Das Novus Quartet nähert sich der Elegie, der emotional gezügelten Romantik des zweiten Streichquartetts in a-Moll mit Formbewusstsein und kristallinem Weitblick, im letzten mit jener musikantisch instinktiven Ader, die das kodierte Geheimnis der Harmonien in stets changierenden spätsommerlichen Farben pinselt.
Den unbeschwerten Abspann des Albums bildet das dritte Streichquartett in B-Dur, Op. 67, mit dem Brahms 1875 in Wien begann und das er im Sommer 1876 in Ziegelhausen am Neckar östlich von Heidelberg vollendete. Klanglich bildet dieses lebhafte Quartett mit seiner pastoralen Gestik, den derben Ländlerzitaten, den wie improvisiert wirkenden Überraschungsvolten eine Hommage an die Bratsche. In den Variationen des Finales auf ein volksliedhaftes Thema steigert sich die Stimmung zu einem komplett verspielt übermütigen Kehraus.

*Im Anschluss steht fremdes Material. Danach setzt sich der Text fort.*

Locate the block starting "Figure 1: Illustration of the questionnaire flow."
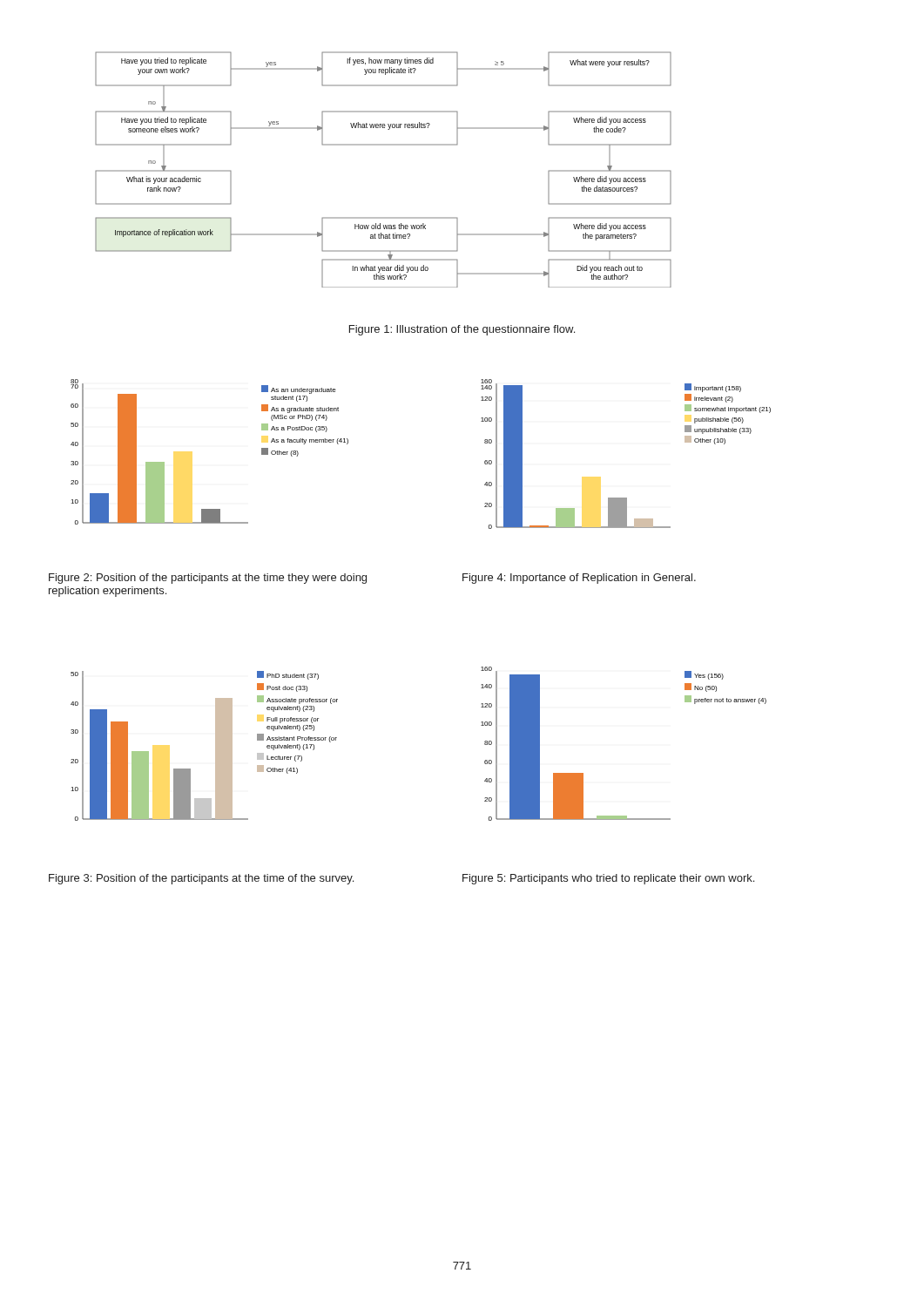 462,329

Das als Gewinner des ARD-Wettbewerbs auch in Deutschland renommierte Novus Quartet gibt dem Stück mit Temperament und deftigem Bogenstrich Kontur. Der Hörer meint, in der Ferne Haydn mit Federhut und einem verschmitzten Lächeln von der Kutsche aus winken zu sehen, als wäre er auf dem Weg zu einer fröhlichen Landpartie. Mit wem wohl? Mit Brahms natürlich! In der Fantasie sollte dieser Zeitsprung, in welche Richtung auch immer gesehen, erlaubt sein. Musikgeschichtlich ist er, auf Op. 67 bezogen, nicht von der Hand zu weisen. Natürlich immer im Bewusstsein, dass Brahms nicht rückwärtsgewandt agierte, sondern seine Art, sich Vergangenes (fantasievoll) anzueignen, nicht zuletzt gegenwärtig als probates Mittel gilt, die Neugier an Musik am Köcheln zu halten. Nur sollte man es eben so beherrschen wie Brahms, damit es Freude bereitet.
Fazit: Das Abenteuer Interpretation, derart gekonnt und eigenbestimmt angegangen, trägt ein weiteres Mal reife, wohlschmeckende Früchte.